Australia's NPP set to trigger a faster-payments revolution

New Payments Platform offers new opportunities for data-savvy asset managers

Australia's most significant and ambitious overhaul of its payments infrastructure in 20 years, the New Payments Platform (NPP), is set to usher in a long-awaited regime of real-time transactions that its developers believe will spark a new wave of data-driven innovation. Asset managers stand to benefit from streamlined client transactions but must also be mindful of potential cybersecurity risks the technology may bring, according to industry experts at a recent RBC Investor & Treasury Services (RBC I&TS) forum in Sydney.1

Key insights

  • The New Payments Platform is triggering data-driven innovation in the Australian payments landscape
  • Information-rich payments will help remove administrative pain-points in transactions between asset managers, service providers, and clients

Built by SWIFT, the global bank messaging network, and funded by 13 banks and financial institutions, NPP will undergo pilot trials in Q1 2018 before a wide roll-out to the industry, Carolyn Young, Head of Domestic Payments & Receivables Product at ANZ, said at the forum.

The platform's ‘basic infrastructure’ will provide the payment rails that allow transactions to be cleared and settled within seconds. The rails will also allow industry-driven overlay services to ride on them, offering a springboard for faster-payments innovation.

“It's the first clearing system to be put in place in Australia for more than 20 years. Not since 1997 when we rolled out BPAY on phone banking have we put out a new clearance system,” said Young.

“It's a significant change for the industry and substantial investment has been put in place to make that happen.”

More data to sweep away back-office pain points

'Osko', developed by BPAY Group, is the first overlay service that will run on the NPP rails and aims to cut clearance and settlement times dramatically, from up to five days in the current regime down to a matter of seconds. The service will also make payments easier by inviting users to register PayIDs based on phone numbers, email addresses or ABN/ACN, rather than BSB and account numbers demanded by most legacy payment systems.
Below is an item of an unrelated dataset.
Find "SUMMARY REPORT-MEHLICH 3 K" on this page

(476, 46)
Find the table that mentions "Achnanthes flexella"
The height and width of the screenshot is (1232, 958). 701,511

Remittance information for payments is currently limited to 18 characters in the legacy infrastructure but will be boosted to 280.
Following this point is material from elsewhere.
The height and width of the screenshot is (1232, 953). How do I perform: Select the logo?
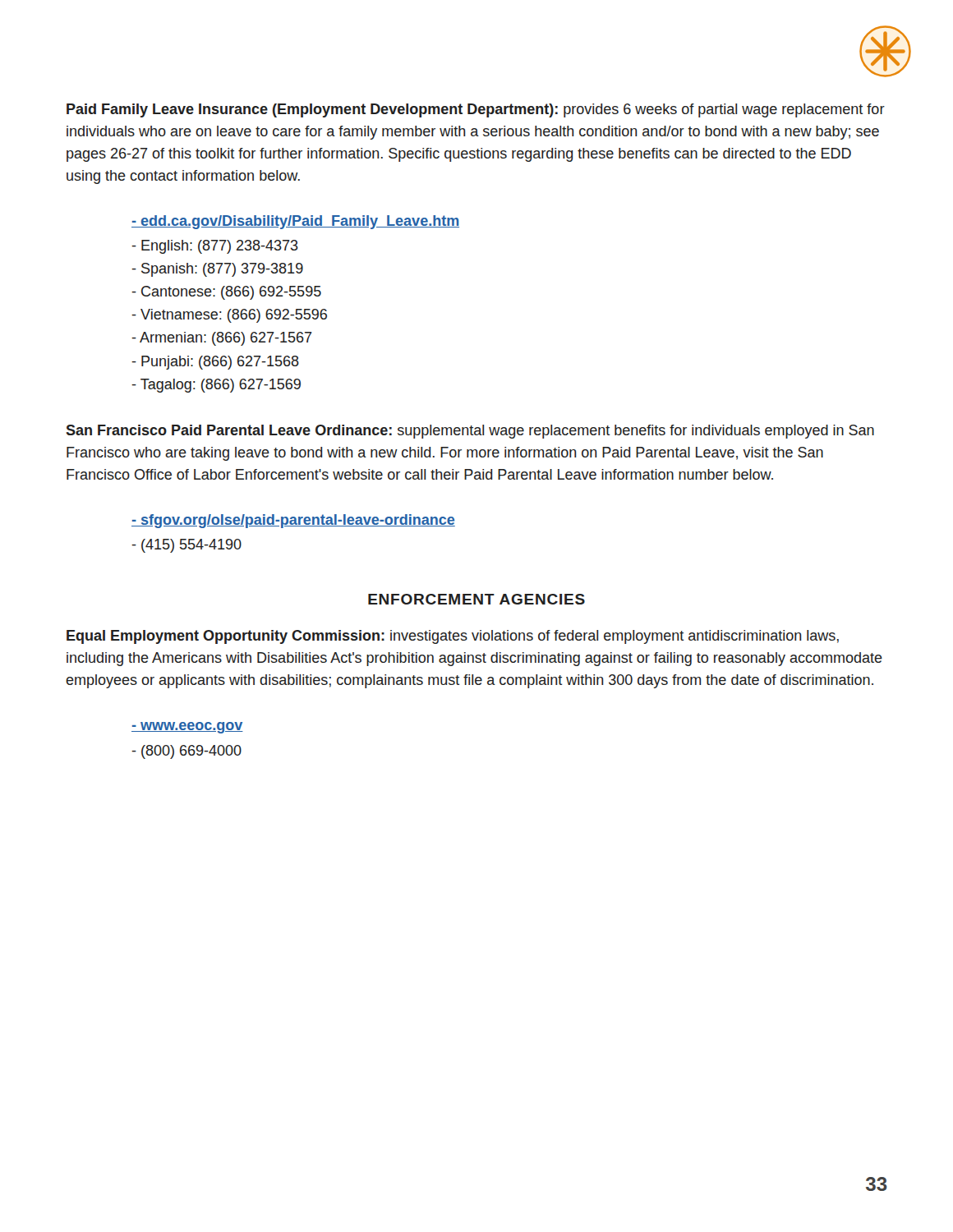click(x=885, y=51)
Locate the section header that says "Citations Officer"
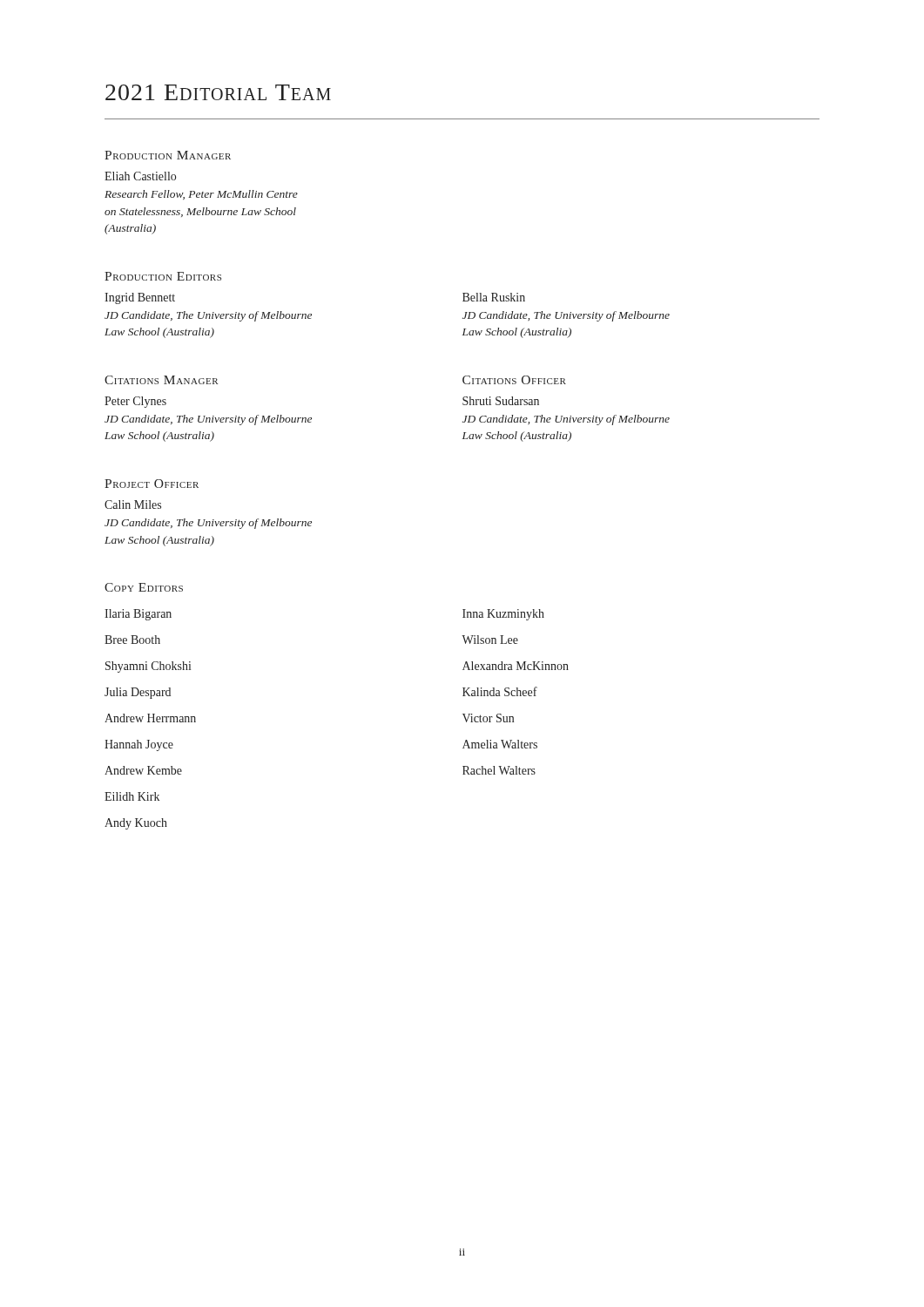Screen dimensions: 1307x924 click(514, 380)

Apart from more detailed identifiers, the technology will enable payers and payees to attach multiple electronic documents to payments, potentially streamlining corporate actions in asset management, including distributions and placements. Enhanced messaging capabilities will also enable instant requests for payment, which may enable asset managers to better manage cash-flow and liquidity. Such common-sense changes will remove major administrative pain points between asset managers, their service providers, and clients, said Scott Davies, who is responsible for RBC I&TS' Transfer Agency product in Australia.

Enhanced messaging capabilities will also enable instant requests for payment

“For asset managers dealing with large inflows or outflows of funds, there is currently a lot of co-ordination between clients and service providers in terms of sending and receiving payments and the associated reconciliation activities,” said Davies.

“Nowadays you may have real-time post-settlement payments but the name is misleading because there could be a four-hour gap between sending and receiving payment. NPP promises to cut the gap to a matter of seconds on eligible accounts, with statements issued alongside the payment.

“The reconciliation process will become a lot more around exception handling as opposed to ‘tick and flick’,” he notes.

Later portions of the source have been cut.